Può capitare, dati i casi imponderabili della vita, le sue sorprese infinite, di trovarsi in mezzo a una situazione molto più grande e complessa di quanto si è in grado di gestire, di avere scatenato eventi e ambienti di cui non si conosce il funzionamento, di cui si avverte la pericolosità, che trasmettono un fascino perverso di eccitazione e paura, si vorrebbe approfittare dell’occasione ma allo stesso tempo si ha timore delle conseguenze che potrebbero derivarne.

E in effetti, ritrovarsi tra le mani nientemeno che il Codice Atlantico di Leonardo da Vinci, la più ampia raccolta di disegni e scritti del genio rinascimentale conservata alla Veneranda Biblioteca Ambrosiana di Milano, dopo averlo sottratto ad una banda di feroci criminali, che ora si sono messi sulle loro tracce per recuperare ad ogni costo il bottino, qualche pensiero di gloria per un’eventuale vendita, ma soprattutto il timore di finire male, o anche tanto male, serpeggia tra i due stralunati protagonisti di Sombrero Swing. Quelli che… (Edizioni IlViandante), Gino ed Eugenio, i due amici ancora in cerca di riscatto.

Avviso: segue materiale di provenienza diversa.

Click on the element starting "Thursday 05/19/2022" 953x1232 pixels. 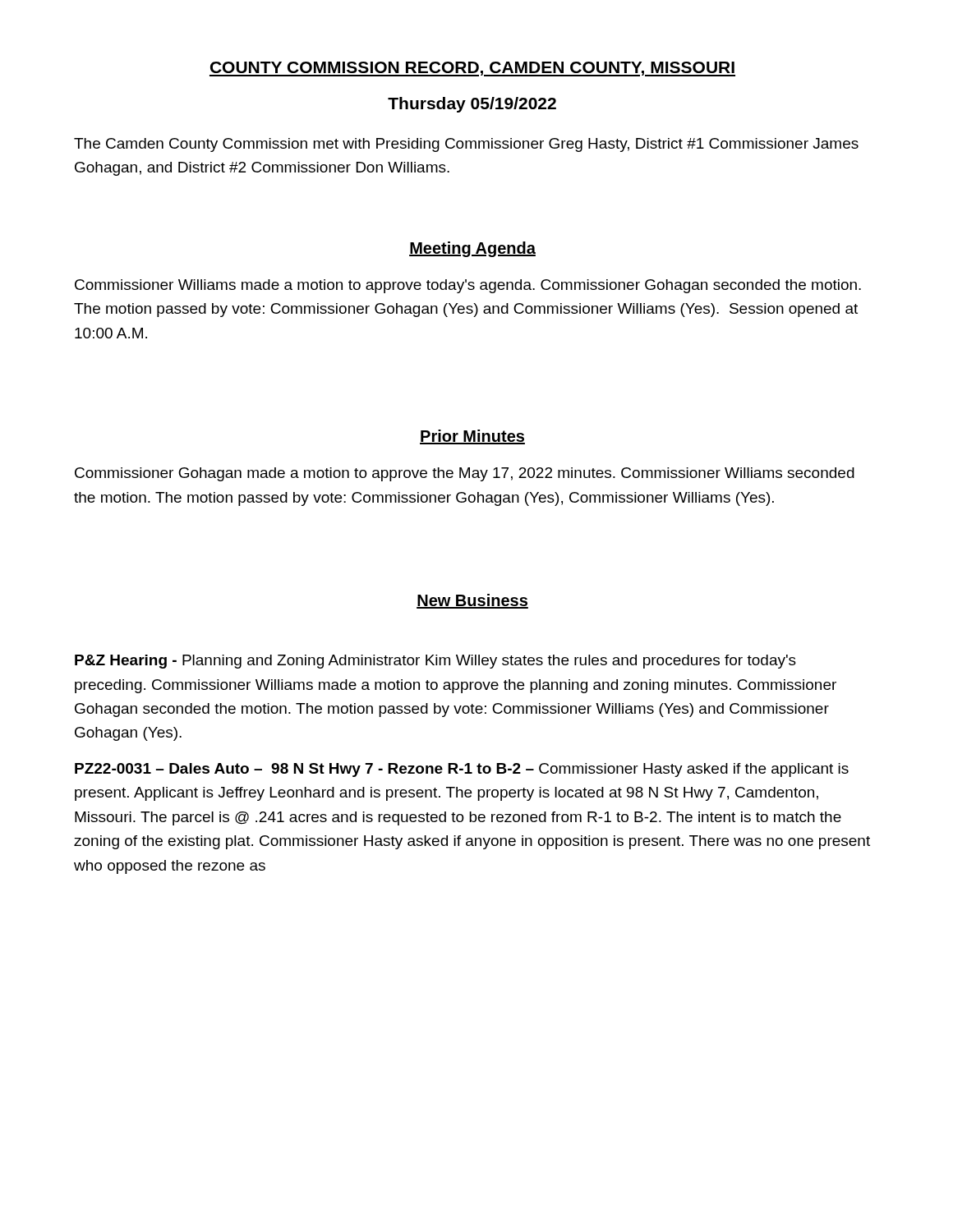tap(472, 103)

Già protagonisti dell’apprezzato primo episodio Sombrero Swing. La volta buona (Edizioni Ilviandante), vincitore del Premio “Garfagnana in Giallo”, gli autori Marco Aluzzi e Fabio Marani in questa seconda parte tornano a fine novembre del 1973, alle porte della prima domenica senza auto, le domeniche dell’austerity, in cui si limitava al massimo la circolazione delle auto private, in un clima freddo e nebbioso, ideale per ambientare una storia noir condita però da buon umore ed episodi esilaranti, sganassoni di un prete dai modi spicci e risoluti, dalle moine di una “dark lady” bellissima che vuole, anche lei, emergere dalle paludi della provincia, dalle necessità e intelligenza di Sombrero, il cavallo da corsa sottratto in un altro tentativo di dare una svolta alle proprie esistenze, dalle diatribe con mogli, suoceri, fidanzate, incaricati sfuggenti del Vaticano, poliziotti in cerca di visibilità, tassisti giustizieri della notte, picchiatori che amano infliggere dolore, mucchi di soldi che vorrebbero compare sogni.

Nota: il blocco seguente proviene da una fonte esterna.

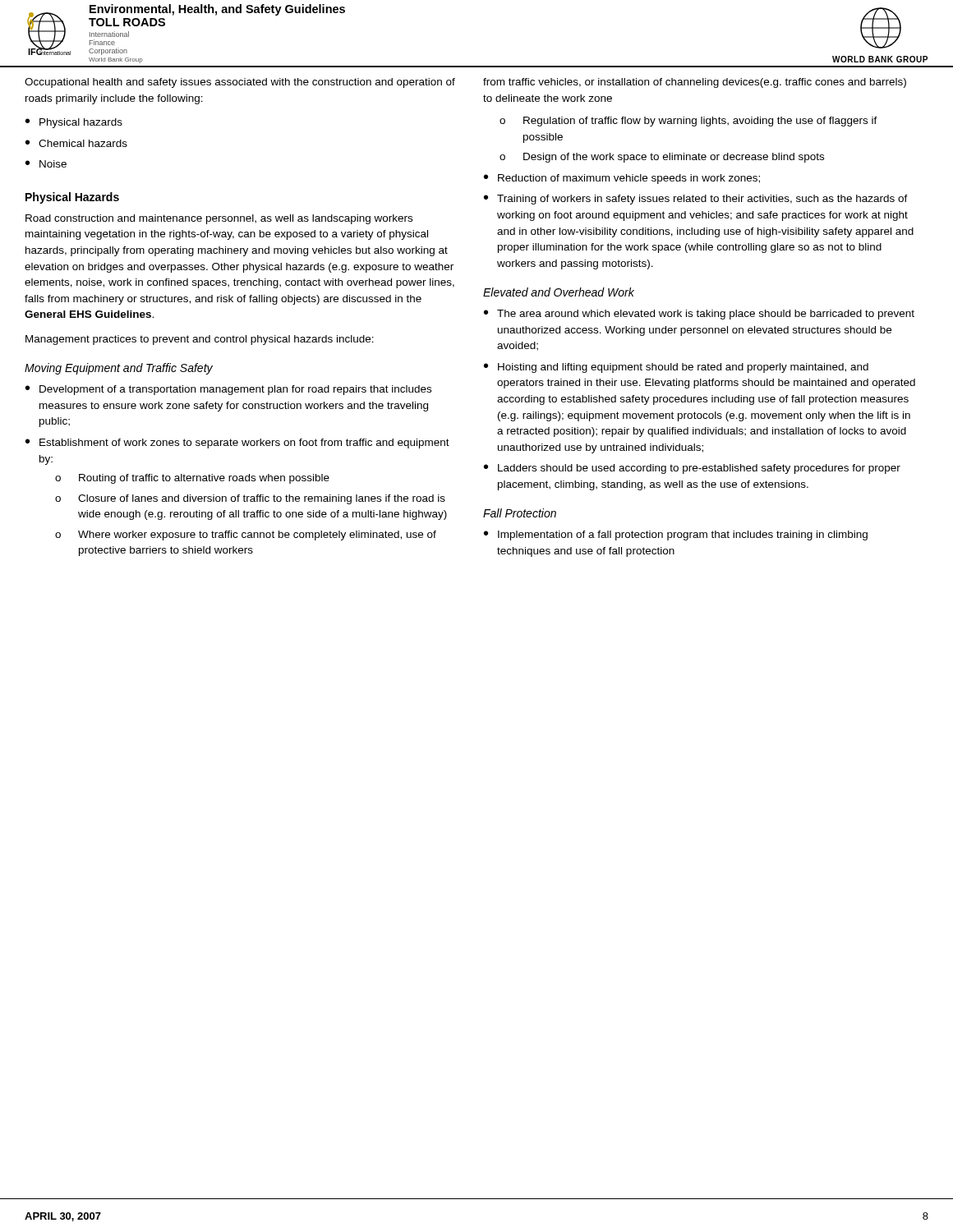Point to the text block starting "Training of workers in safety issues"
This screenshot has height=1232, width=953.
point(707,231)

E, naturalmente, gli avventori dello stesso bar malfamato, il Bar Spada, quartiere Cagnola, dove ognuno ha un soprannome che identifica la propria “specialità”: il Barbisa, il Fellini, il Profesur, il Gaina, il Des Secondi…; un luogo dove ovviamente non si possono avere segreti, dove le notizie circolano velocissime tra una partita a carte e qualche grappino.

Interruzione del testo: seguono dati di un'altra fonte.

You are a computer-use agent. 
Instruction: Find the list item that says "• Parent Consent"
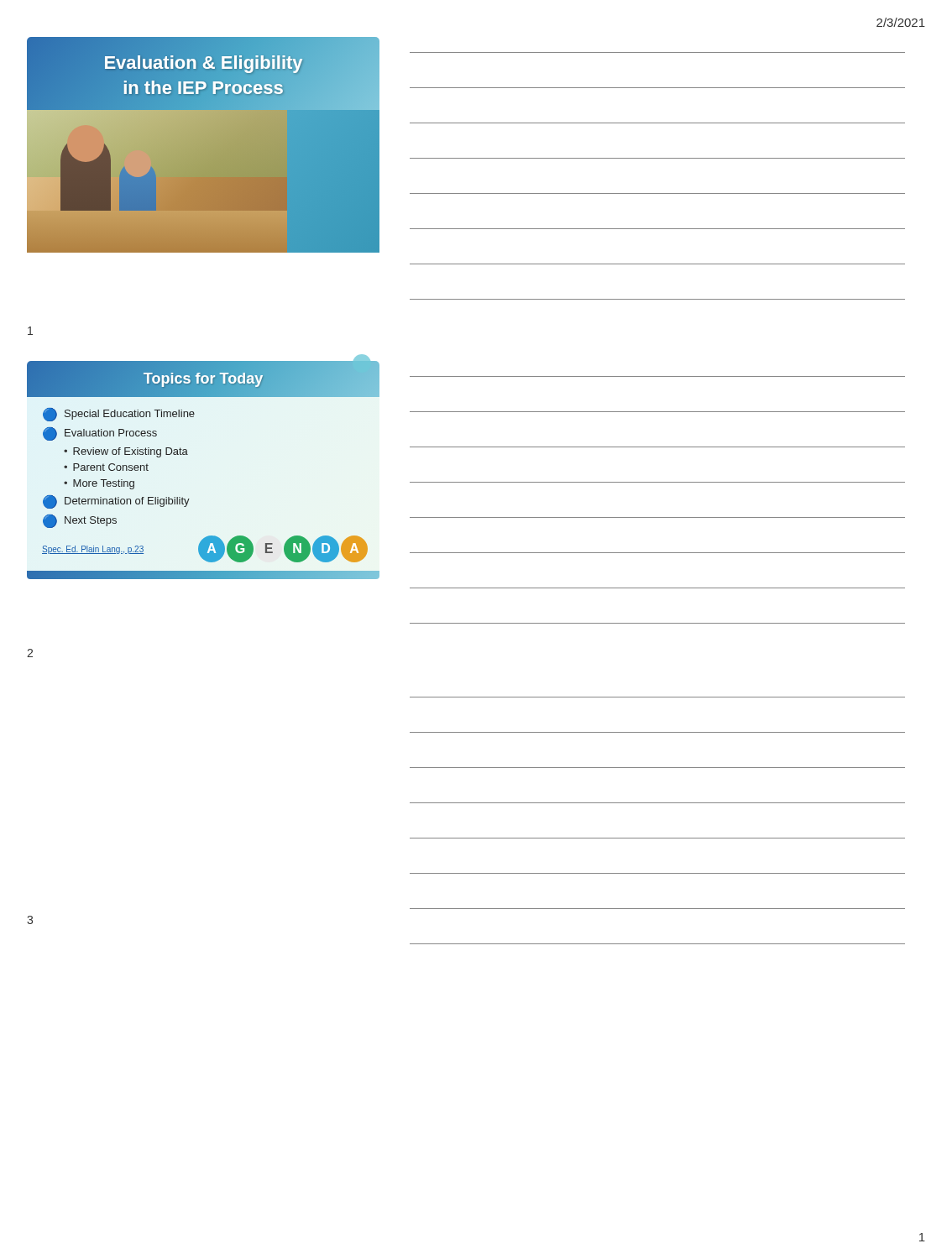pyautogui.click(x=106, y=467)

Ci si affeziona in fretta a questi strampalati personaggi, cari come vecchi parenti eccentrici, che sono le pecore nere della casata perché non allineati alle tradizioni di famiglia, scapestrati ma simpatici, a cui viene voglia di perdonare tutto, si intuisce un cuore buono e sentimenti e sinceri, si fa il tifo per loro anche quando sembra andare tutto a rotoli, quando l’immancabile imprevisto pare vanificare tutti gli sforzi e le speranze, Un giallo scanzonato, molto milanese, con alcune espressioni indimenticabili in dialetto, che celebra l’amicizia, quella vera, quella disinteressata e incrollabile, che porta a rider anche quando si è più di là che di qua, e la fantasia, la voglia di cambiare senza dimenticare il passato, il desiderio che il futuro sia migliore e con meno preoccupazioni. In attesa della prossima occasione, che, certo, sarà quella buona…

Mauro Cremon


Gli scrittori:
Marco Aluzzi nasce a Milano. È dal 1998 socio fondatore dell’Associazione Semeion Teatro nella quale si è formato come attore. Ha affinato la sua creatività frequentando corsi di scrittura e seminari di teatro. Ama Milano in tutte le sue declinazioni, le sue canzoni, i noir, la nebbia (per quel poco che ne rimane). Proprio per questo si è cimentato in un racconto sulla sua città.

Fabio Marani entra dal 1993 nel mondo della parola scritta, partecipando a diversi corsi di scrittura creativa; inizia così a scrivere racconti, con due di essi vince un premio letterario della sua città. Da quel momento inizia a tenere laboratori di scrittura. Attualmente sta conducendo un progetto con una classe di scuola superiore per una cooperativa sociale. È ormai dentro al mondo parallelo delle parole e non vuole più uscirne.